3.4 Results from different kernels applied to RBFNN, RBFSVM and KNNC
Table 1 gives the description of the adopted data sets.
Table 2 shows the results of RBFNN, RBFSVM and KNNC with KCKC, KKC, KC and without kernel clustering. The algorithms about KKC used in RBFNN, RBFSVM and KNNC are like the method of KCKC. In terms of the cases without kernel clustering, KNNC, RBFSVM and RBFNN are used. In Table 2, A to M denote Data set, KNNC+KCKC, RBFSVM+KCKC, RBFNN+KCKC, KNNC+KKC, RBFSVM+KKC, RBFNN+KKC, KNNC+KC, RBFSVM+KC, RBFNN+KC, KNNC, RBFSVM and RBFNN, respectively.

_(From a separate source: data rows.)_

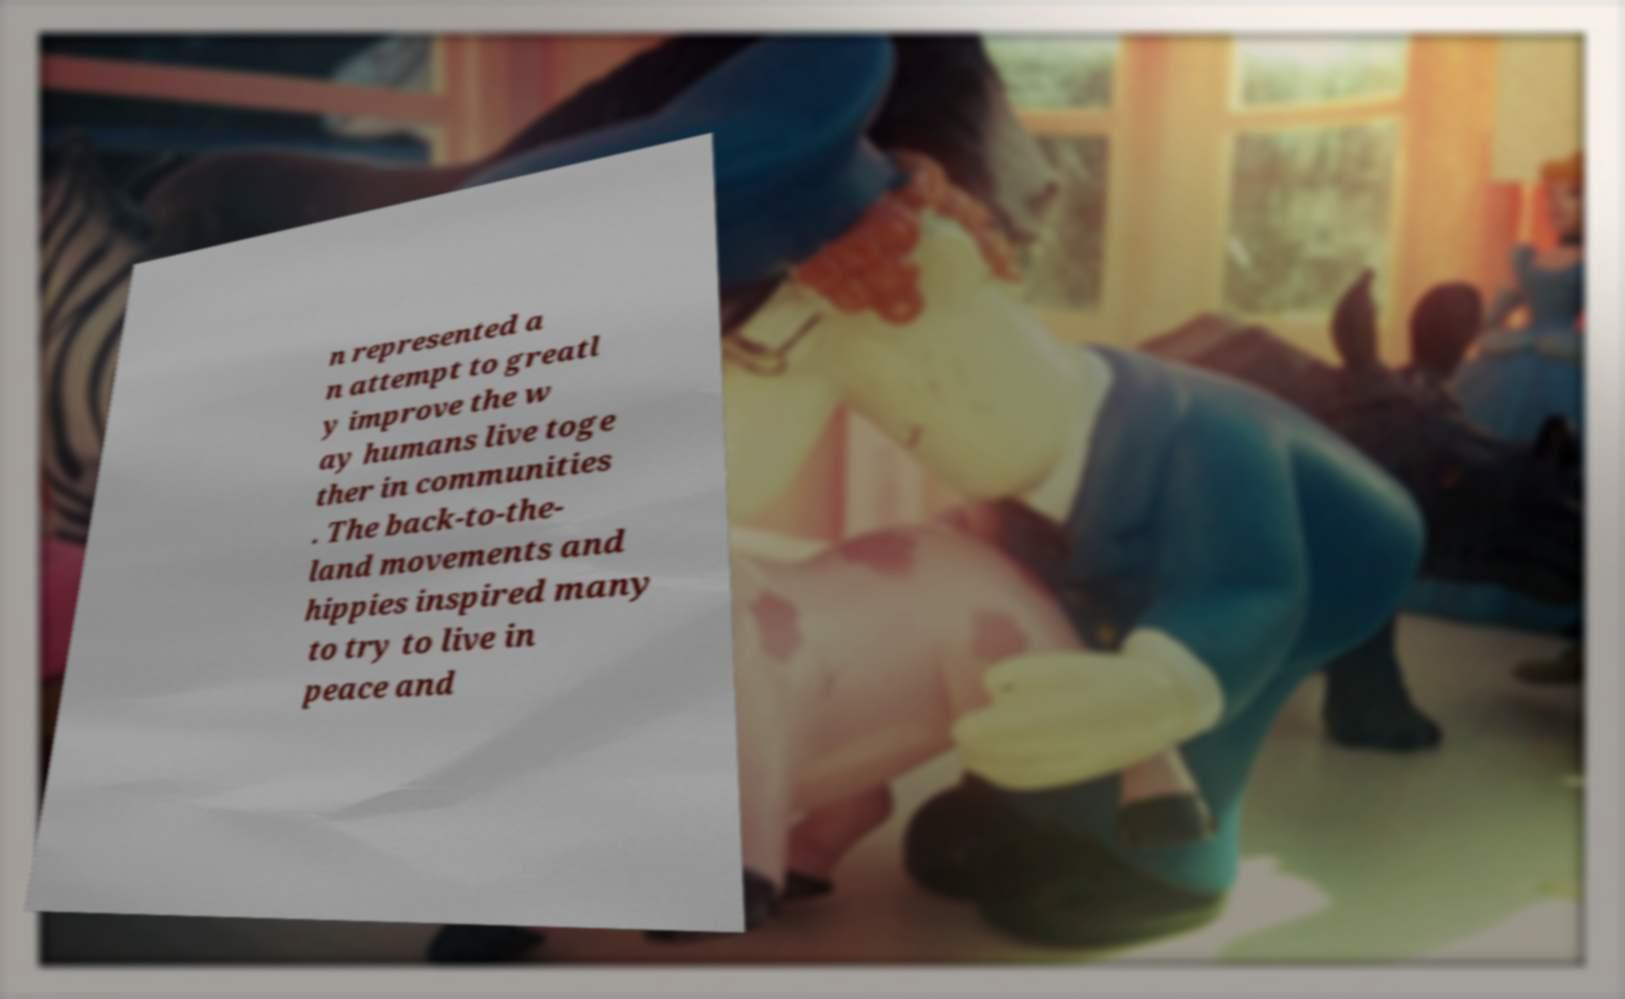Can you accurately transcribe the text from the provided image for me? n represented a n attempt to greatl y improve the w ay humans live toge ther in communities . The back-to-the- land movements and hippies inspired many to try to live in peace and 
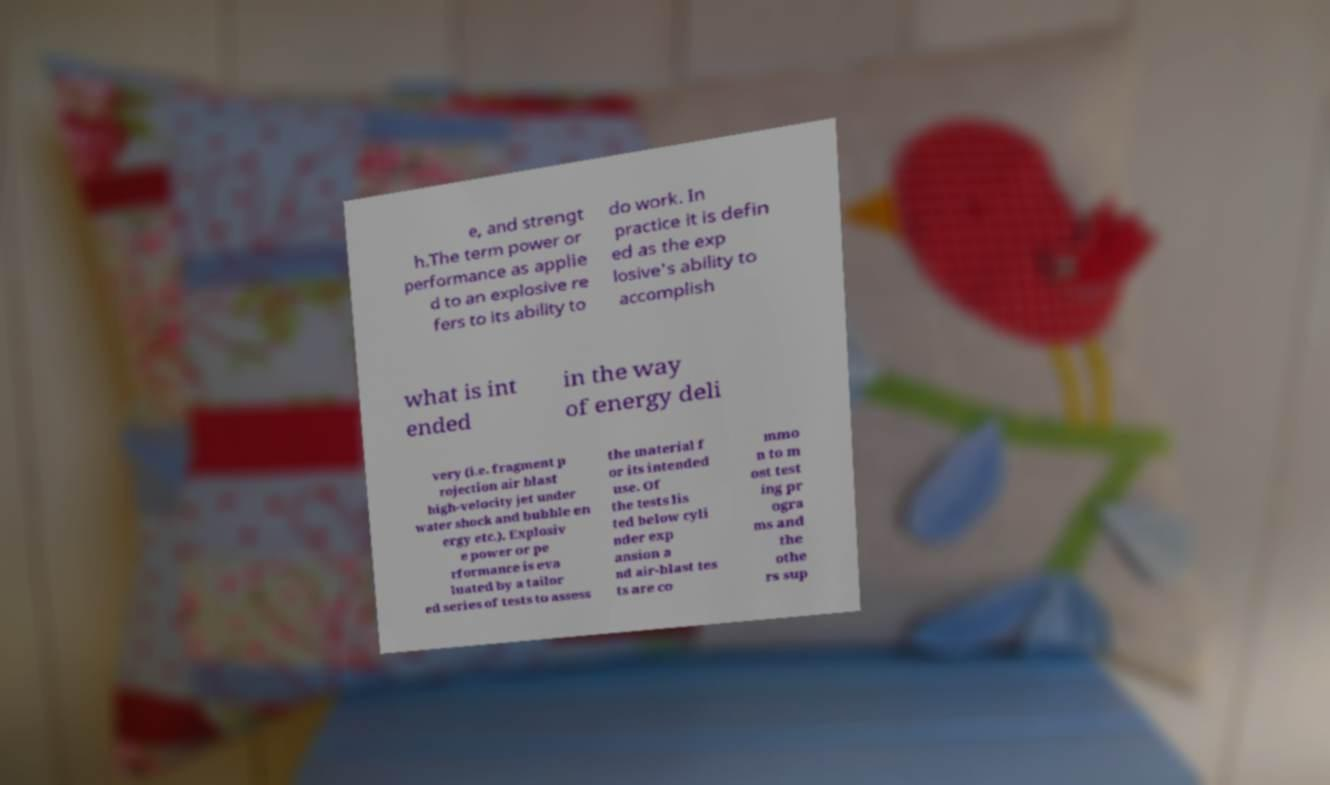For documentation purposes, I need the text within this image transcribed. Could you provide that? e, and strengt h.The term power or performance as applie d to an explosive re fers to its ability to do work. In practice it is defin ed as the exp losive's ability to accomplish what is int ended in the way of energy deli very (i.e. fragment p rojection air blast high-velocity jet under water shock and bubble en ergy etc.). Explosiv e power or pe rformance is eva luated by a tailor ed series of tests to assess the material f or its intended use. Of the tests lis ted below cyli nder exp ansion a nd air-blast tes ts are co mmo n to m ost test ing pr ogra ms and the othe rs sup 
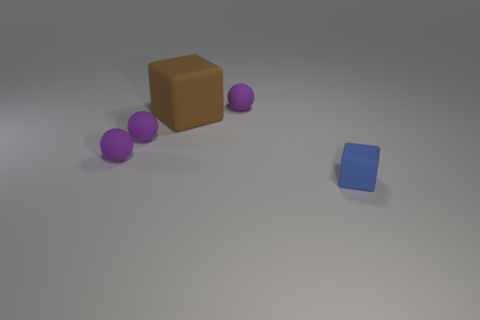There is a large brown thing that is the same material as the tiny blue thing; what is its shape? The large brown object shares the same cubic form as the smaller blue object in the image, featuring distinct flat surfaces and sharp edges that are characteristic of a cube.

From Table 2, it can be found that KCKC outperforms KKC and KKC outperforms KC. It can be said that KCKC is used to process the problem of unsupervised learning method KC and has better clusters in the kernel space. Since the structure of KCKC is more complicated than that of KC and KKC, their computational complexity and efficiency are also different. Table 3 and Table 4 show the differences about computational complexity and efficiency, respectively. For convenience, define the computational complexity (efficiency) of KNNC+KCKC as 1. In the two tables, the larger the value is, the larger the computational complexity (efficiency) is. Compared with KC and without kernel clustering, KCKC is of a larger computational complexity and a lower efficiency at average. But from the comparison between KCKC and KKC, we find that their computational complexities are similar while KCKC has a better efficiency. According to these three tables, we draw a conclusion that KCKC is of better classification performance although it is of a larger computational complexity and a lower efficiency sometimes. 3.5 Distribution of kernels and the mapping results under two kernels with KCKC, KKC and KC
The “Two Spiral” data set is taken as an example, and the distribution of kernels and the mapping results under two kernels are given when KCKC, KKC and KC are carried out. For KC and KKC, predefine k = 6. Fig. 1 and Fig. 2 give the kernel distribution and the corresponding mapping results under KC, KKC and KCKC, respectively. Under KC, 2 kernels are chosen to map the patterns into a 2D space. In fact, 6 kernels will map the patterns into a 6D kernel space. Here, the showing under 2D is only given. In terms of the basic steps of KKC, circleshape kernels are generated in the kernel space, so in the original space, the kernels are not circles like the ones in Fig. 1a). It can be seen that new kernels can cover patterns well and only a small part of patterns are covered by wrong kernels. Comparing Fig. 2a) with Fig. 2b), it can be found that KC and KKC can not make patterns linearly separable in the kernel space, but the mapping results under KKC are better than those under KC. Then, for KCKC, the kernels cover patterns better in the original space as shown in Fig. 1c). From Fig. 2c), we find that KCKC makes patterns nearly linearly separable in the kernel space.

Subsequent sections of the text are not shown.